El multimillonario jefe de los fondos de cobertura Bill Ackman afirma ser víctima de un intento de “extorsión” por un ex empleado que exigía un paquete de indemnización de 2 millones de dólares después de alegar un “lugar de trabajo inseguro”, lo que llevó a los ricos capitanes de la industria a apoyar públicamente al financista.
Ackman expuso recientemente su caso en una extensa publicación sobre
El sábado pasado dijo que comenzó su family office, llamada Table, hace unos 15 años, entregándosela a un amigo a quien describió como “alguien en quien confiaba implícitamente”. Luego, la oficina “creció enormemente” a medida que el número de personal y los costos se dispararon, a pesar de su función principalmente administrativa, añadió.
Ackman dijo que se mantiene mayoritariamente neutral (sólo realiza una revisión anual) con el objetivo de que la empresa “se encargue de todo lo que no sea mi trabajo diario para que yo tenga más tiempo para mi trabajo y mi familia”.
A medida que los costos y la rotación se “dispararon”, contrató a su sobrino educado en Harvard, quien hizo un “trabajo excelente” al recuperar otra inversión, según Ackman, para revisar las operaciones, lo que llevó al despido de aproximadamente un tercio del personal.
La mayoría de los empleados abandonaron la empresa “profesionalmente”, dijo Ackman, excepto un abogado corporativo al que llamó “Ronda” que rechazó tres meses de indemnización y exigió dos años de salario después de trabajar sólo dos años y medio.
Ackman dijo que se negó a hablar con él antes de que la empresa recibiera una “carta amenazante” alegando “acoso y discriminación de género” y un “ambiente de trabajo inseguro”, afirmaciones que calificó de “interesantes” dado que ella supervisaba el cumplimiento.
La carta alegaba que su sobrino hizo comentarios “inapropiados y basados en el género (sic)” sobre la edad, apariencia y planificación familiar de un empleado, y advertía que ella “buscaría todas las medidas apropiadas” en los tribunales si no se llegaba a un acuerdo.
Ackman dijo que el tema se planteó internamente y que presionó por una “capacitación de concientización en el lugar de trabajo”, y agregó que los testimonios de otras personas no coincidían con las acusaciones y que “nadie, hasta donde yo sé, se sintió ofendido”, y agregó que no había “ninguna evidencia” de problemas más amplios.
Sugirió que la solicitud de 2 millones de dólares era oportunista, señalando que “Ronda” sabía de una crisis médica que su hija estaba experimentando y de la inminente salida a bolsa de su empresa, y calificó lo que llamó acusaciones de discriminación “falsas” como un “impuesto costoso a la economía”.
Ackman dijo que la abogada era parte de un amplio plan de despidos y que tenía “demasiado poder” para el puesto, por el que recibió 1,05 millones de dólares el año pasado.

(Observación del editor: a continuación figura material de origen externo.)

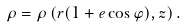Convert formula to latex. <formula><loc_0><loc_0><loc_500><loc_500>\rho = \rho \left ( r ( 1 + e \cos \varphi ) , z \right ) .</formula> 
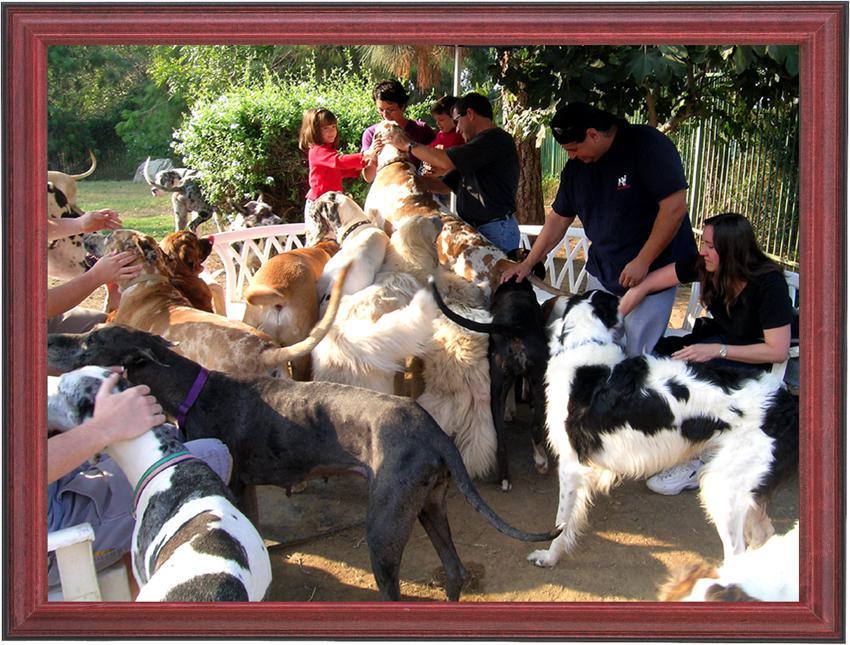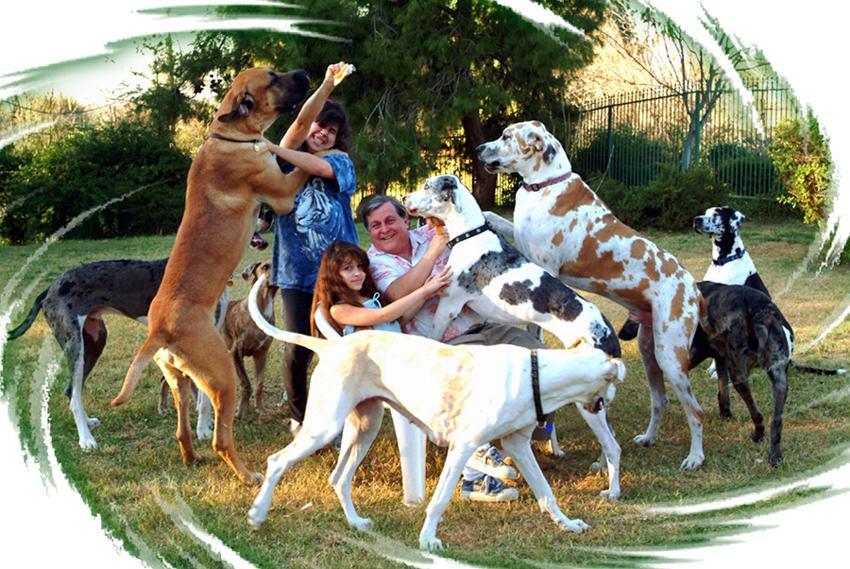The first image is the image on the left, the second image is the image on the right. Considering the images on both sides, is "An image contains no more than two hound dogs." valid? Answer yes or no. No. 
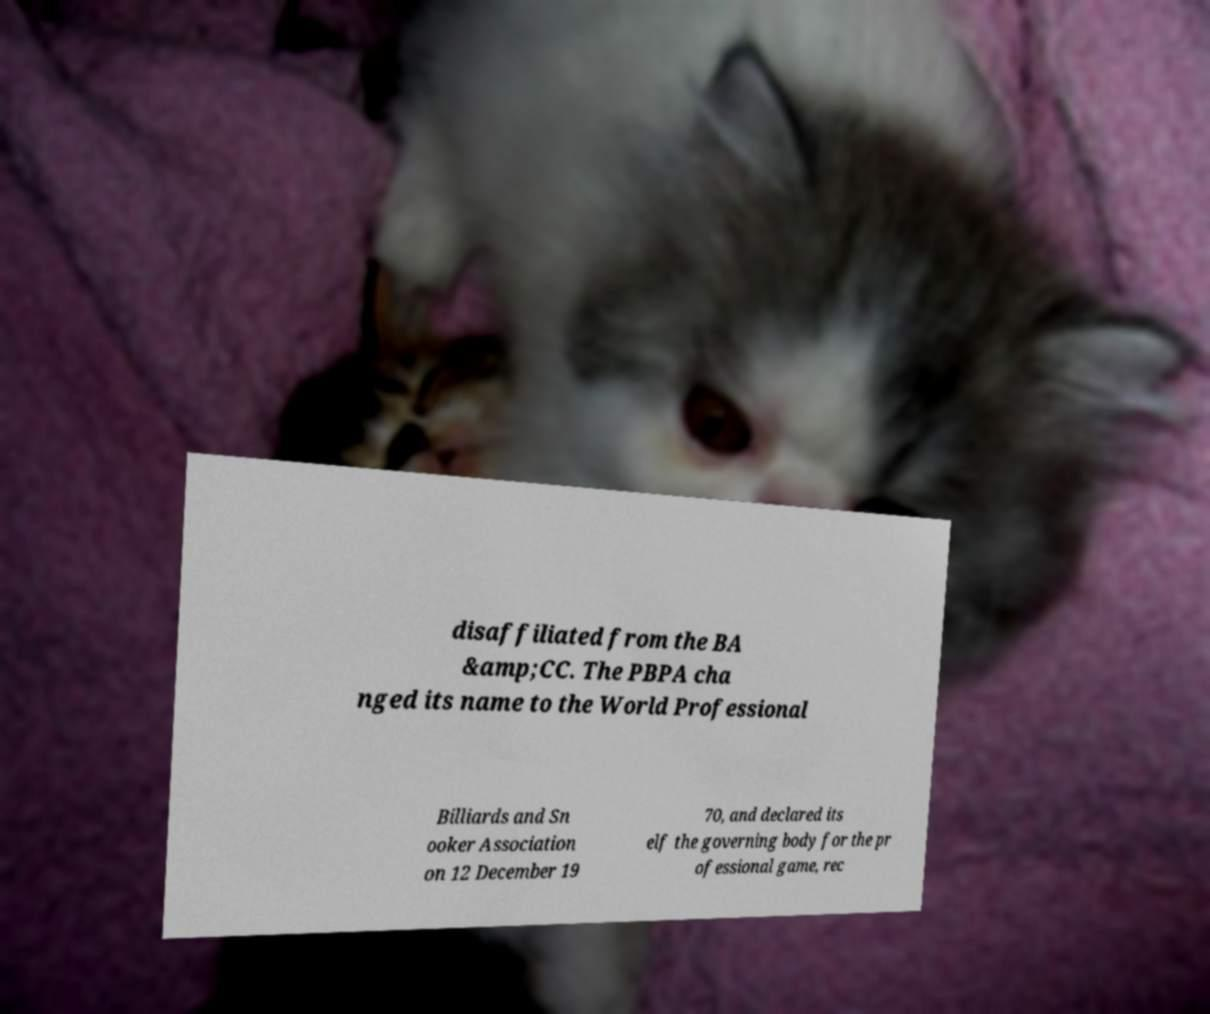For documentation purposes, I need the text within this image transcribed. Could you provide that? disaffiliated from the BA &amp;CC. The PBPA cha nged its name to the World Professional Billiards and Sn ooker Association on 12 December 19 70, and declared its elf the governing body for the pr ofessional game, rec

También dio a entender que ella quería sentar cabeza para evitar dañar su reputación.
El mensaje tocó una fibra sensible en línea, obteniendo el apoyo de algunos de los nombres más importantes de la tecnología y las finanzas.
El inversor ángel de Silicon Valley, Chamath Palihapitiya, comparó la situación con un “impuesto” a los ejecutivos ricos.
“¡Destrúyelos!” Joe Lonsdale, cofundador de Palantir, escribió en respuesta a la historia de Ackman.
“Lucha contra ello”, instó el empresario tecnológico y antienvejecimiento Bryan Johnson. “Este tipo de extorsión ocurre mucho más a menudo de lo que la gente piensa. Es dinero fácil para el acusador y los abogados.”
Elizabeth Holmes, que cumple una condena de 10 años de prisión por defraudar a los inversores en el escándalo de Theranos, escribió en X: “Tienes el lujo y el deber de preservar la verdad, cueste lo que cueste”.
“Estas tonterías deben terminar”, dijo Donald Trump Jr.
Ackman dijo más tarde que era “tranquilizador que pareciera haber un consenso” que apoyaba su decisión de luchar en lugar de llegar a un acuerdo.